▶ [EXERCISE PROMPT]: Every line from the one with "An invented example" to the one with "- person <box>655,520,687,574</box>", including those two, is to be copied exactly; all other lines of the entries below are left out.

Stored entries

• • • • • • •

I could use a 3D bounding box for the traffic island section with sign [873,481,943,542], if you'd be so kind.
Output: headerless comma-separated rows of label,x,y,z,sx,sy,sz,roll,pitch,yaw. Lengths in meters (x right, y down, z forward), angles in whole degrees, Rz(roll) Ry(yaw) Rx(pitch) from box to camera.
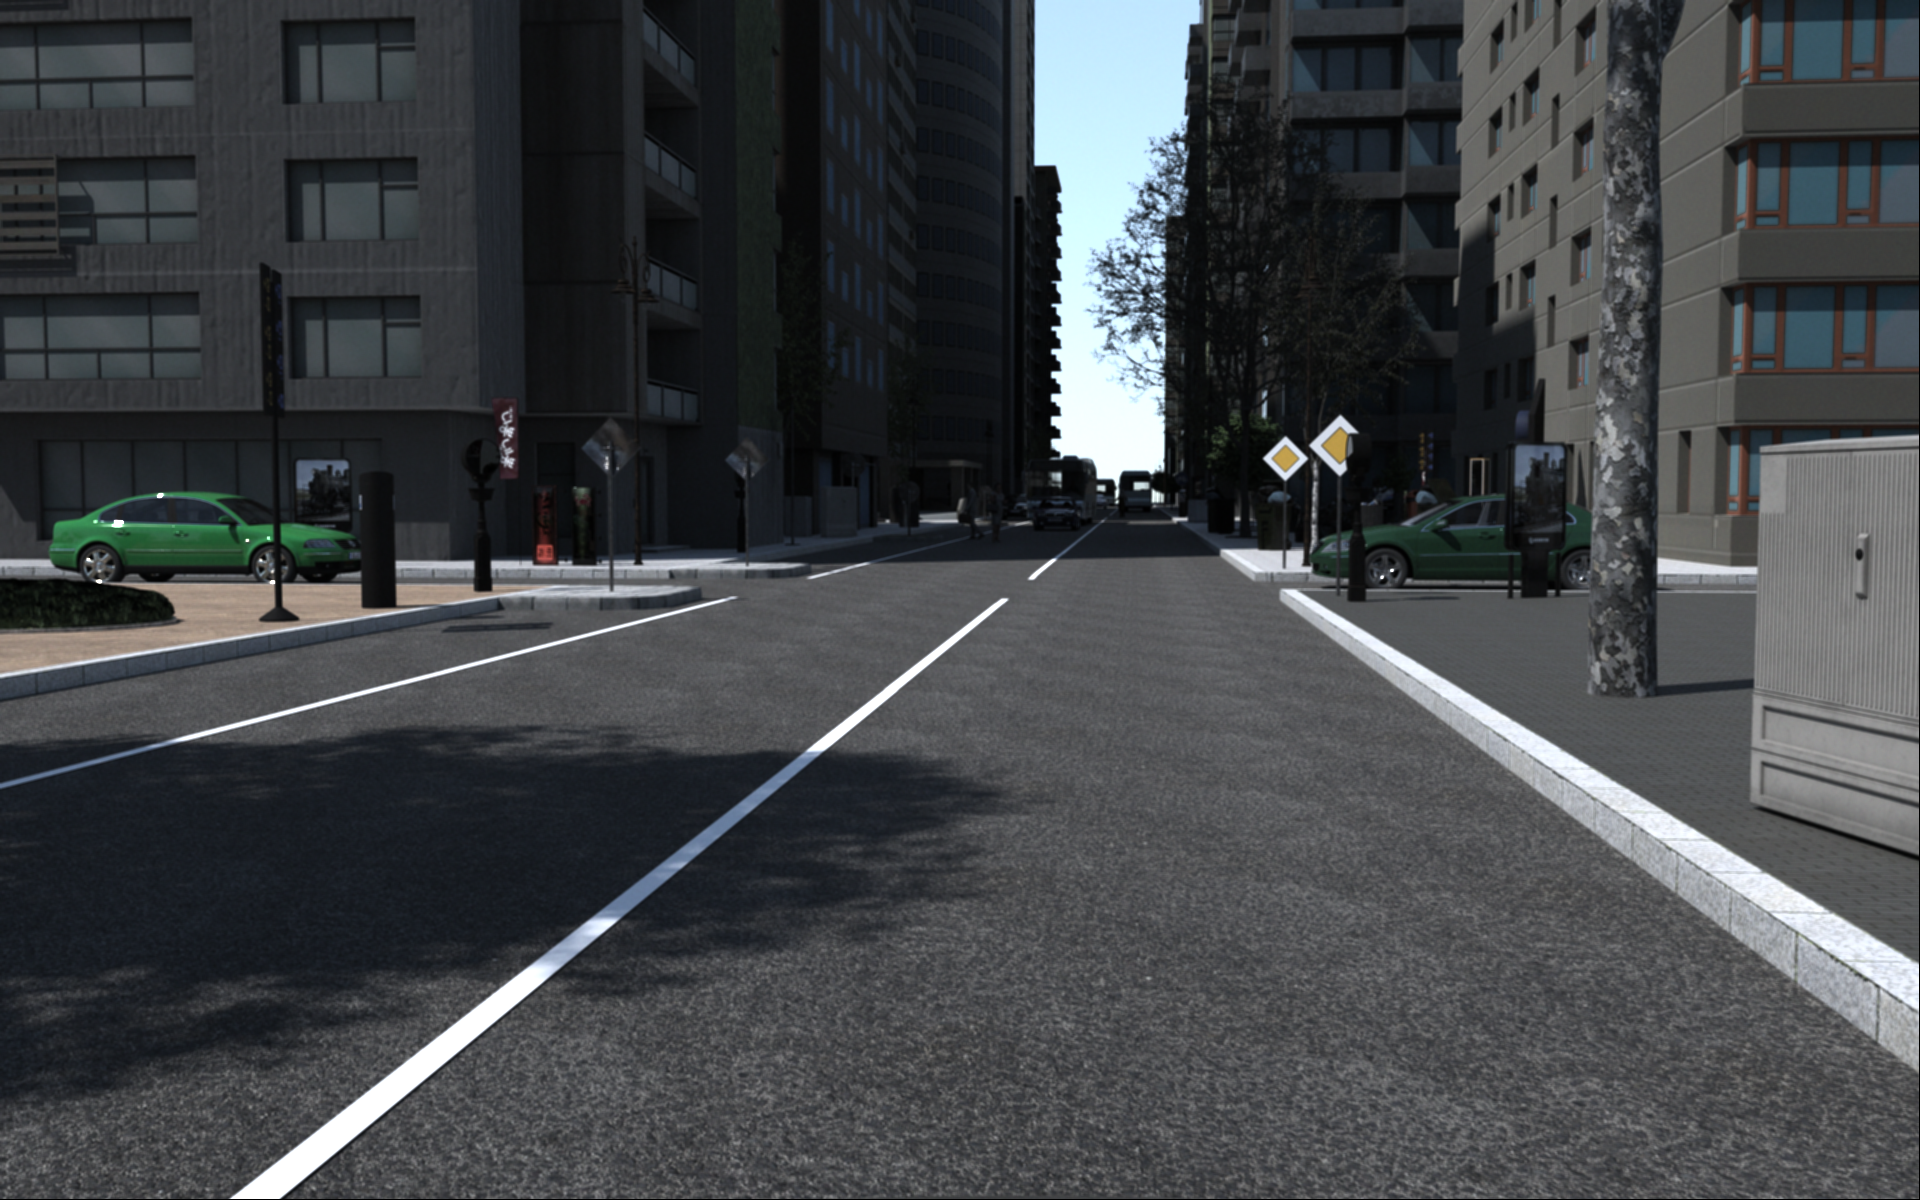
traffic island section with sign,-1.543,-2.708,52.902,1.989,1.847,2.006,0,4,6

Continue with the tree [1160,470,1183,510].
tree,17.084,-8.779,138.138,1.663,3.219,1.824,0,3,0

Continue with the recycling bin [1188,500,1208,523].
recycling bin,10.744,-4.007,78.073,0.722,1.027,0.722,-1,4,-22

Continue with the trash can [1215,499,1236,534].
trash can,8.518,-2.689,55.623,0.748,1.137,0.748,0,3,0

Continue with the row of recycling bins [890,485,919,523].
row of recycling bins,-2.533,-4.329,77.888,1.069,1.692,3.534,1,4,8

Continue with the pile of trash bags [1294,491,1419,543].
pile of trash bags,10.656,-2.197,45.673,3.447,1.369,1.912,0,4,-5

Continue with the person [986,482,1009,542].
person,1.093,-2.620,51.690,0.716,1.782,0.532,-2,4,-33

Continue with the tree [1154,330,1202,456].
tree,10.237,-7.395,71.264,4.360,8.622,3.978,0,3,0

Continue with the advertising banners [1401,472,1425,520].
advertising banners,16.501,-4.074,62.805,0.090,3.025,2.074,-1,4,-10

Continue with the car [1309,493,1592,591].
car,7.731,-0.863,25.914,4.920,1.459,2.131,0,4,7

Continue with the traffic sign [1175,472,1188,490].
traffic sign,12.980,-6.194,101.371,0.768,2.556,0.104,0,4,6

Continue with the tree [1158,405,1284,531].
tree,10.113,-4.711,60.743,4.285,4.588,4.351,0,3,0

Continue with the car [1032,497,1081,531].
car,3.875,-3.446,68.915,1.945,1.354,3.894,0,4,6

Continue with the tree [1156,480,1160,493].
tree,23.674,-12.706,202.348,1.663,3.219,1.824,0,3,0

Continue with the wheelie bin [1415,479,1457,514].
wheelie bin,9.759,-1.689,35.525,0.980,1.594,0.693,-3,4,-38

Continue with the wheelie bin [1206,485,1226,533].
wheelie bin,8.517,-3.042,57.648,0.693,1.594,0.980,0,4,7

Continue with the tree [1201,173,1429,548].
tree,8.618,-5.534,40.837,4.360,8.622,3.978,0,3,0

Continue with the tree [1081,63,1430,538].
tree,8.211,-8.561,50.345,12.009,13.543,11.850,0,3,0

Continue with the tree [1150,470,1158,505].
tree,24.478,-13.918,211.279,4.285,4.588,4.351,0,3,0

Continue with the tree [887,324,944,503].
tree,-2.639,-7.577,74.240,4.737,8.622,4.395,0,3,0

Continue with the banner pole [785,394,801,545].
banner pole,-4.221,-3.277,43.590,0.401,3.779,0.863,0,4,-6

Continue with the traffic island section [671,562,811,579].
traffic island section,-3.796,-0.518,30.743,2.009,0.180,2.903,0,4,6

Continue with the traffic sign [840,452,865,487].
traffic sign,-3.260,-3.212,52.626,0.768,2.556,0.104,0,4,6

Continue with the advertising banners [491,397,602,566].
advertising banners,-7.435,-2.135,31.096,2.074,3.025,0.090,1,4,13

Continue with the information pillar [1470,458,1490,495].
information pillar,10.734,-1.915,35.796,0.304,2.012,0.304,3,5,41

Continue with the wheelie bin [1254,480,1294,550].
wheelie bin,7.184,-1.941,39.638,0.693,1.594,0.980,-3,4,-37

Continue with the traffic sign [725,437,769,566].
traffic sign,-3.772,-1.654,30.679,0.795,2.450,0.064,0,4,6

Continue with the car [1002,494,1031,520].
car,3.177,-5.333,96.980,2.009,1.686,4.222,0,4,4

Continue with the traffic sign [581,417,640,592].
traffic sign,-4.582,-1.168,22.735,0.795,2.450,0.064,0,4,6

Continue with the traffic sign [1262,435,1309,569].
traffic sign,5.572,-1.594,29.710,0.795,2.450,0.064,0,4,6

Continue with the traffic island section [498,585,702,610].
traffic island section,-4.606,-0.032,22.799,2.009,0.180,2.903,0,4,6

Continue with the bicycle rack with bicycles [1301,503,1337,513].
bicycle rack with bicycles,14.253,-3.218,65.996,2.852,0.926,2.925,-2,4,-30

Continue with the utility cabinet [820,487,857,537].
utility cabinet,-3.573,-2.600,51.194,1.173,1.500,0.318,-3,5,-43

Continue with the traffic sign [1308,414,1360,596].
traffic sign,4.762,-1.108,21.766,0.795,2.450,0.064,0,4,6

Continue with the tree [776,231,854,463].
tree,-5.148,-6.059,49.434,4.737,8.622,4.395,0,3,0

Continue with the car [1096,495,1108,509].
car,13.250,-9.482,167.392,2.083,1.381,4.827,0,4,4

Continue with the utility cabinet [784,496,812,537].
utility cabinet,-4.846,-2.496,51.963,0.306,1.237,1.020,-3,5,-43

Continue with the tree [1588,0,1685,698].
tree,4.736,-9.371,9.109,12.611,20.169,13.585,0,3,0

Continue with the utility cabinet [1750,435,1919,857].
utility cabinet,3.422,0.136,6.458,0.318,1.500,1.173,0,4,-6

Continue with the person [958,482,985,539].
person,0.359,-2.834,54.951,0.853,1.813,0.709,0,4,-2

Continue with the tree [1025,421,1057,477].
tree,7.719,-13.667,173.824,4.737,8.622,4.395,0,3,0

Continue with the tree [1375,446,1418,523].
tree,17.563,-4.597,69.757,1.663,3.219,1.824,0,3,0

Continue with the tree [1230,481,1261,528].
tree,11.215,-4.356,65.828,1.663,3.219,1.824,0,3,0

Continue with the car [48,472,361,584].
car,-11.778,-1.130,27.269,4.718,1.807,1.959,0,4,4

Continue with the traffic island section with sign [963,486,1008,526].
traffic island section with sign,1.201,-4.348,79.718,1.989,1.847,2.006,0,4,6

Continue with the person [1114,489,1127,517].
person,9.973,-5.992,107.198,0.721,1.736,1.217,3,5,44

• • • • • • •

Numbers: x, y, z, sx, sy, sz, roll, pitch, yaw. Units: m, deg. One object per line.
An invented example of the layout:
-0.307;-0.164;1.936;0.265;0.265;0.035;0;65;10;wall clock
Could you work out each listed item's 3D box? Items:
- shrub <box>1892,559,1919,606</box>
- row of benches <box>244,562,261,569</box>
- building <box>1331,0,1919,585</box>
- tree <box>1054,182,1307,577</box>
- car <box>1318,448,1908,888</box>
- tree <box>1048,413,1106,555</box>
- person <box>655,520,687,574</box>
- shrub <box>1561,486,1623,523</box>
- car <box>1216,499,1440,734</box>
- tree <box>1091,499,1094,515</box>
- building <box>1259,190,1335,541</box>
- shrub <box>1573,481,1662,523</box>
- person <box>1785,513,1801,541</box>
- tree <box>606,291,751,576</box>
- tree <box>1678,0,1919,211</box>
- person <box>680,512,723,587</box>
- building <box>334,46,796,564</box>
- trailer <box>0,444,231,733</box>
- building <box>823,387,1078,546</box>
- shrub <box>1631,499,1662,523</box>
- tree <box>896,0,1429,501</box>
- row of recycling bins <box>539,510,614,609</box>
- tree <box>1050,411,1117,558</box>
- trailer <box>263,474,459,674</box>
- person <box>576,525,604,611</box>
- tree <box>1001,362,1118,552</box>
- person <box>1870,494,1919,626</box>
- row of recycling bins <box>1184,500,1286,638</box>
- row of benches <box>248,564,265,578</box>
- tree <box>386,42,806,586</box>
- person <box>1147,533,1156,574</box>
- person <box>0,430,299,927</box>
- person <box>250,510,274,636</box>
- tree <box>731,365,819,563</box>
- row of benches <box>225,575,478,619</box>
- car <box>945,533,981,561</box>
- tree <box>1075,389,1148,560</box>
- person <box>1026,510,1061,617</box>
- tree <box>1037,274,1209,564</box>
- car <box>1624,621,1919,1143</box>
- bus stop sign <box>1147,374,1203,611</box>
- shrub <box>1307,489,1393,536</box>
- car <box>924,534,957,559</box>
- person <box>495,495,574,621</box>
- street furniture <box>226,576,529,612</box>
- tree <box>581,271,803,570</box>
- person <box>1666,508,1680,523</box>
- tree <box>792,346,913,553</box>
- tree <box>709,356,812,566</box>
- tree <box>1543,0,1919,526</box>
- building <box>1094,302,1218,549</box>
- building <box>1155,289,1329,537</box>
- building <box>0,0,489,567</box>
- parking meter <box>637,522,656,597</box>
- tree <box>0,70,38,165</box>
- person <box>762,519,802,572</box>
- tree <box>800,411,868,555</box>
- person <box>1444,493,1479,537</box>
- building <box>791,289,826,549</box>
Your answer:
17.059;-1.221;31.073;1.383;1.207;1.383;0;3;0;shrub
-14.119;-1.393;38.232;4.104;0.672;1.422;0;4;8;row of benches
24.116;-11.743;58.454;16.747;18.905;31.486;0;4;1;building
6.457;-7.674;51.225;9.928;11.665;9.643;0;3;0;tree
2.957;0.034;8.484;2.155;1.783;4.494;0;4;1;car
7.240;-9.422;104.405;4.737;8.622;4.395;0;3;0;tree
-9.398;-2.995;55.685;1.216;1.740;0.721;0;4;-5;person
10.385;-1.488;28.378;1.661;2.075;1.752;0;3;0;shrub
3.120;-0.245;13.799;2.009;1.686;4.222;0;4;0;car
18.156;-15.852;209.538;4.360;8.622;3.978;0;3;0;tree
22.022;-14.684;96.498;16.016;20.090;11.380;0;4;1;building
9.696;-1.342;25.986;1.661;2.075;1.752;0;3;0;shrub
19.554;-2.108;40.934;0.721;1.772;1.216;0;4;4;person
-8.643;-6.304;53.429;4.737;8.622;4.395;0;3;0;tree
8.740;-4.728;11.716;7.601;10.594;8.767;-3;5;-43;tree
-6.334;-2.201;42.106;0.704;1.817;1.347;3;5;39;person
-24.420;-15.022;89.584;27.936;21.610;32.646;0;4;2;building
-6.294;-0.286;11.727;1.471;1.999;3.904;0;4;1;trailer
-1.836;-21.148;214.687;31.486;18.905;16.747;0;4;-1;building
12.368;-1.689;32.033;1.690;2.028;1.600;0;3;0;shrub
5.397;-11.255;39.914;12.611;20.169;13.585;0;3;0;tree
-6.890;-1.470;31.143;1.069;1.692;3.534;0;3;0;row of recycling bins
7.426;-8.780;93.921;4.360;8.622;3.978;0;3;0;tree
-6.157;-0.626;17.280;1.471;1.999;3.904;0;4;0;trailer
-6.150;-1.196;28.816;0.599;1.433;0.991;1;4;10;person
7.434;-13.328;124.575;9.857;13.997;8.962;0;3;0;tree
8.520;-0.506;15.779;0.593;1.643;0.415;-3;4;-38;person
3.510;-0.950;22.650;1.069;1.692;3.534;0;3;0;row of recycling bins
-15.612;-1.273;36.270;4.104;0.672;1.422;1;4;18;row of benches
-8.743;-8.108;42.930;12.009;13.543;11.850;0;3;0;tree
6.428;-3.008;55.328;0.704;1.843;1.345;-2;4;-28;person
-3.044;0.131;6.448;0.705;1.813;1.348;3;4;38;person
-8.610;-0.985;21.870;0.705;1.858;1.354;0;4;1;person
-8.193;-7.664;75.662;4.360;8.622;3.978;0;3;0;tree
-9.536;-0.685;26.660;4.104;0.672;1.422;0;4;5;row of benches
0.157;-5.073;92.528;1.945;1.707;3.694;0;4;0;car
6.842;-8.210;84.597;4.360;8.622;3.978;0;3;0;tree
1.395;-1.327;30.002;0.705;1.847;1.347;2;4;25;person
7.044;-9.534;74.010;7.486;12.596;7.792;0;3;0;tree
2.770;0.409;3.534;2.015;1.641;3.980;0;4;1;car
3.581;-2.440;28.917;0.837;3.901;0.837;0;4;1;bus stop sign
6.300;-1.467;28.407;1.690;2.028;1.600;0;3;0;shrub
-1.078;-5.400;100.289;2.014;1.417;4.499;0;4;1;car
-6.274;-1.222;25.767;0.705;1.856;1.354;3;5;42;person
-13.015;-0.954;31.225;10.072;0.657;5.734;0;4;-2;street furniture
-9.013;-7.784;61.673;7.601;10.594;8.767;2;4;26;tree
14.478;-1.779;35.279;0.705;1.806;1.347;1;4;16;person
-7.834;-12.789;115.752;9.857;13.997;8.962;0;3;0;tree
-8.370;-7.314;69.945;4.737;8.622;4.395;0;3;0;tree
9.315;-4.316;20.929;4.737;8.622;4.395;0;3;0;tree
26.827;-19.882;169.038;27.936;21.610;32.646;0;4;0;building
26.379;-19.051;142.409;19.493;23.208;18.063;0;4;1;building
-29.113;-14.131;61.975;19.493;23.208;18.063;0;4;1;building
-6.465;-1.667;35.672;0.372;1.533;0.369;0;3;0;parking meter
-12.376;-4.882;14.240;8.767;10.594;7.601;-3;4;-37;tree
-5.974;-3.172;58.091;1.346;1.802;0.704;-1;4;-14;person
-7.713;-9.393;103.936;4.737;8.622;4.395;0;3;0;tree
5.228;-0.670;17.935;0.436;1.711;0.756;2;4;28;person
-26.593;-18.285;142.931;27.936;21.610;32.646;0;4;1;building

• • • • • • •

▶ [THE ANSWER]:
An invented example of the layout:
-0.307;-0.164;1.936;0.265;0.265;0.035;0;65;10;wall clock
Could you work out each listed item's 3D box? Items:
- shrub <box>1892,559,1919,606</box>
- row of benches <box>244,562,261,569</box>
- building <box>1331,0,1919,585</box>
- tree <box>1054,182,1307,577</box>
- car <box>1318,448,1908,888</box>
- tree <box>1048,413,1106,555</box>
- person <box>655,520,687,574</box>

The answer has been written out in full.